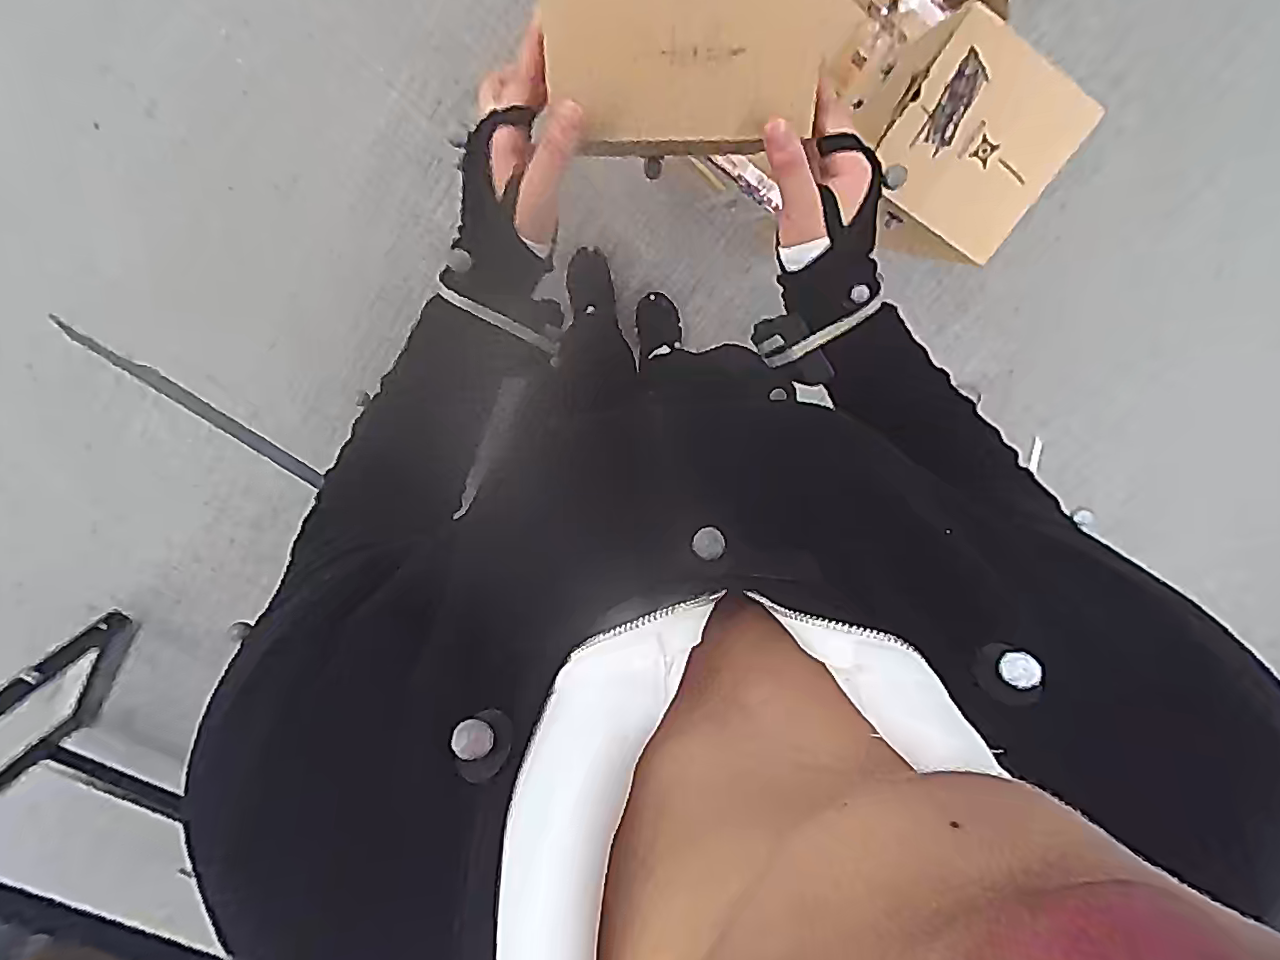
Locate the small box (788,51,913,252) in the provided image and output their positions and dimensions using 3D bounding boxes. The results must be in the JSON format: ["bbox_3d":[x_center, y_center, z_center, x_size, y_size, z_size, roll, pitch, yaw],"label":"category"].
[{"bbox_3d":[0.341,-0.451,0.766,0.179,0.176,0.168,27,113,-13],"label":"small box"}]

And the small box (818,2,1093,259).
[{"bbox_3d":[0.336,-0.376,0.619,0.179,0.176,0.168,28,113,-13],"label":"small box"}]

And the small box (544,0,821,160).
[{"bbox_3d":[0.022,-0.330,0.378,0.168,0.176,0.179,-2,119,-1],"label":"small box"}]
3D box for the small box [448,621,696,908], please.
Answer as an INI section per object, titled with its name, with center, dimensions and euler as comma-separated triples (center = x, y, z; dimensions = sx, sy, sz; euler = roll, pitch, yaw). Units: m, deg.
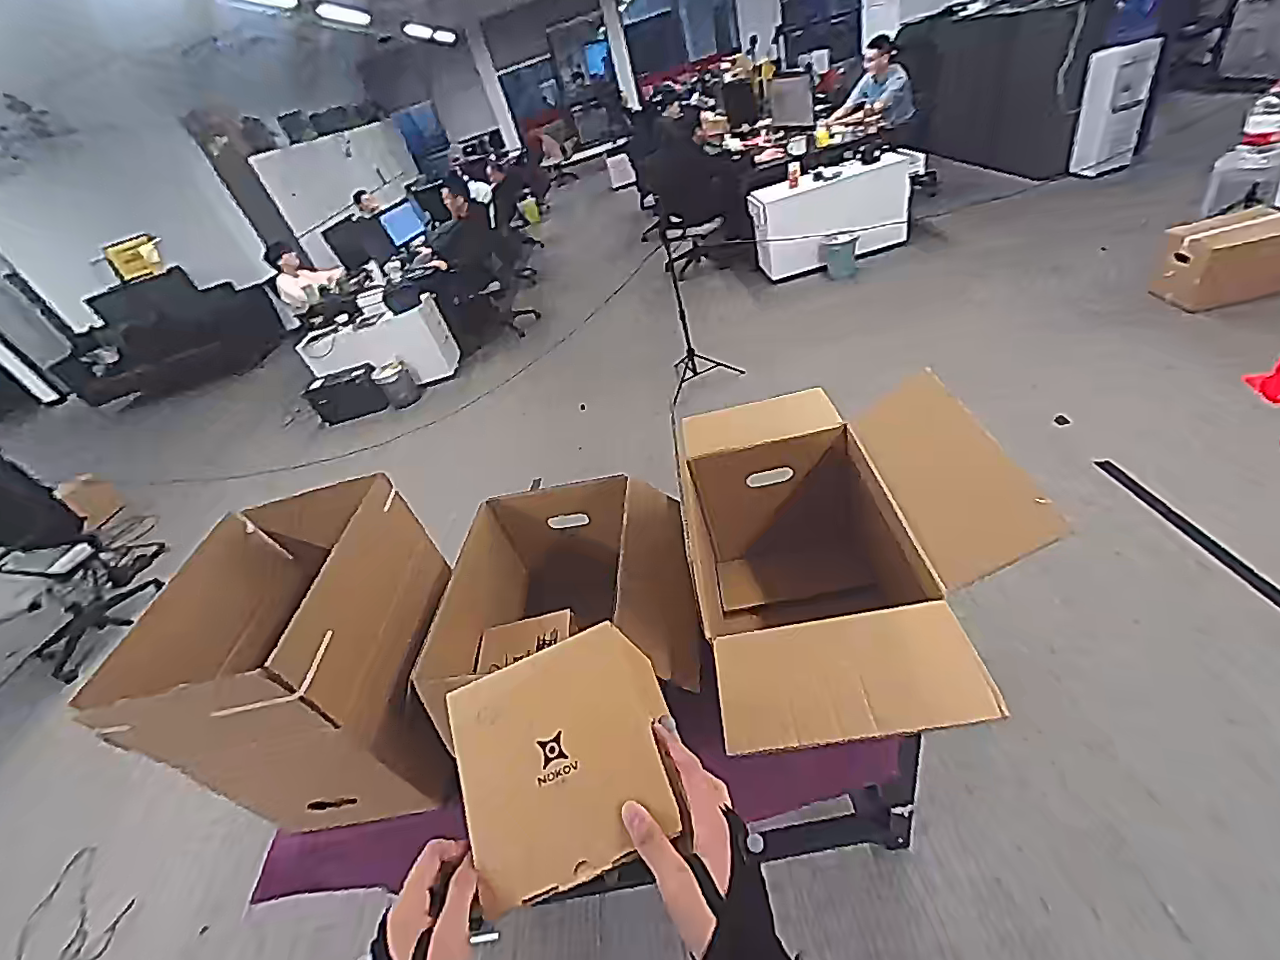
[small box]
center = -0.058, 0.265, 0.520
dimensions = 0.168, 0.176, 0.179
euler = -24, 59, 0
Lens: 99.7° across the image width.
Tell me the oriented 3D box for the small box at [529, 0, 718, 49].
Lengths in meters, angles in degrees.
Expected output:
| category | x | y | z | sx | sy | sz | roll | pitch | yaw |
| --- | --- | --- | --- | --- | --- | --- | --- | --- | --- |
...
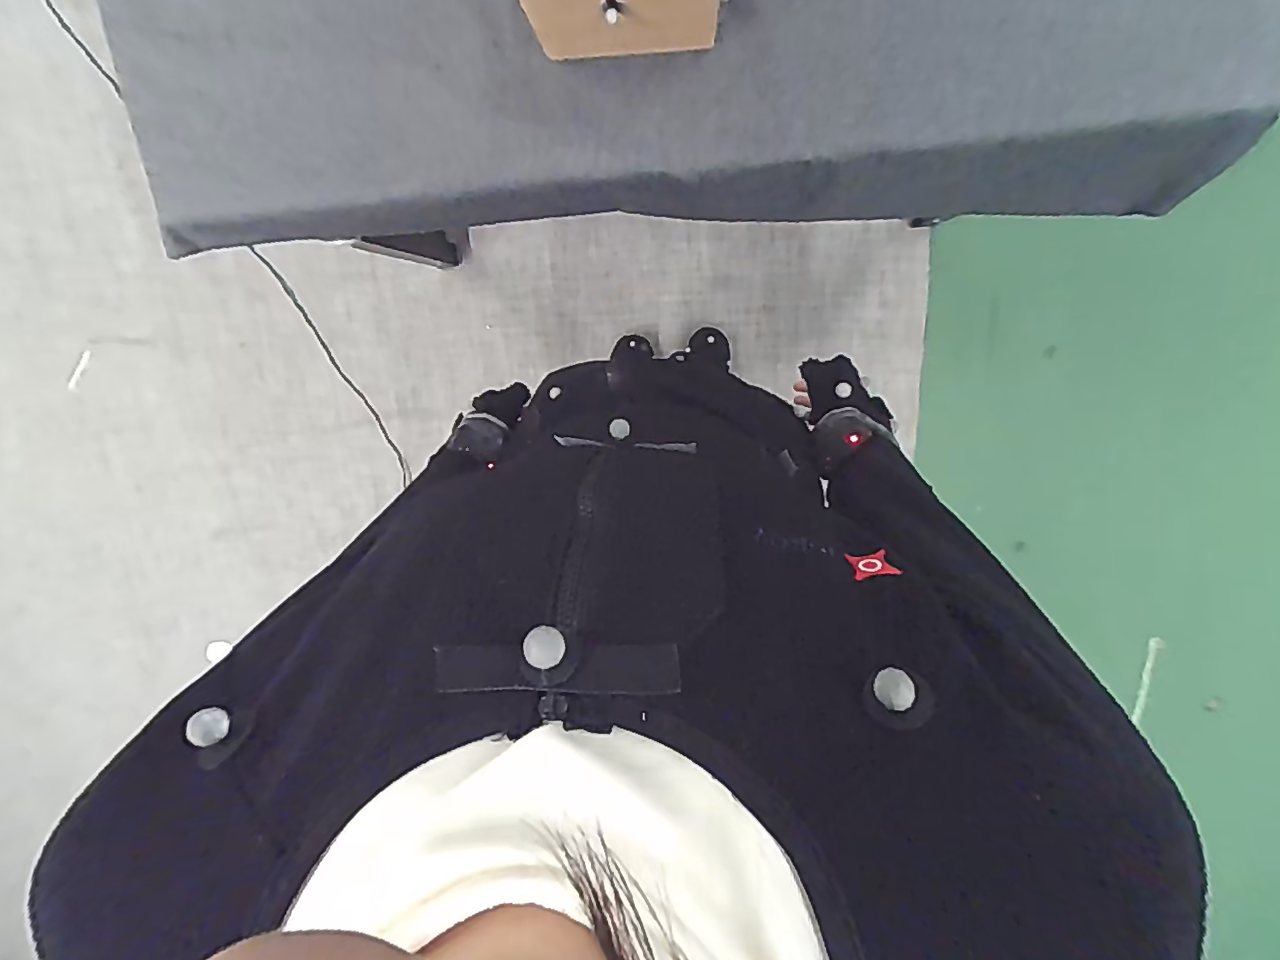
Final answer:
::::::::
Instructions to follow
For the records above, give every line again exactly and skip the pictures.

Completed task
Locate the small box (788,51,913,252) in the provided image and output their positions and dimensions using 3D bounding boxes. The results must be in the JSON format: ["bbox_3d":[x_center, y_center, z_center, x_size, y_size, z_size, roll, pitch, yaw],"label":"category"].
[{"bbox_3d":[0.341,-0.451,0.766,0.179,0.176,0.168,27,113,-13],"label":"small box"}]

And the small box (818,2,1093,259).
[{"bbox_3d":[0.336,-0.376,0.619,0.179,0.176,0.168,28,113,-13],"label":"small box"}]

And the small box (544,0,821,160).
[{"bbox_3d":[0.022,-0.330,0.378,0.168,0.176,0.179,-2,119,-1],"label":"small box"}]
3D box for the small box [448,621,696,908], please.
Answer as an INI section per object, titled with its name, with center, dimensions and euler as comma-separated triples (center = x, y, z; dimensions = sx, sy, sz; euler = roll, pitch, yaw). Units: m, deg.
[small box]
center = -0.058, 0.265, 0.520
dimensions = 0.168, 0.176, 0.179
euler = -24, 59, 0
Lens: 99.7° across the image width.
Tell me the oriented 3D box for the small box at [529, 0, 718, 49].
Lengths in meters, angles in degrees.
Expected output:
| category | x | y | z | sx | sy | sz | roll | pitch | yaw |
| --- | --- | --- | --- | --- | --- | --- | --- | --- | --- |
...
Final answer:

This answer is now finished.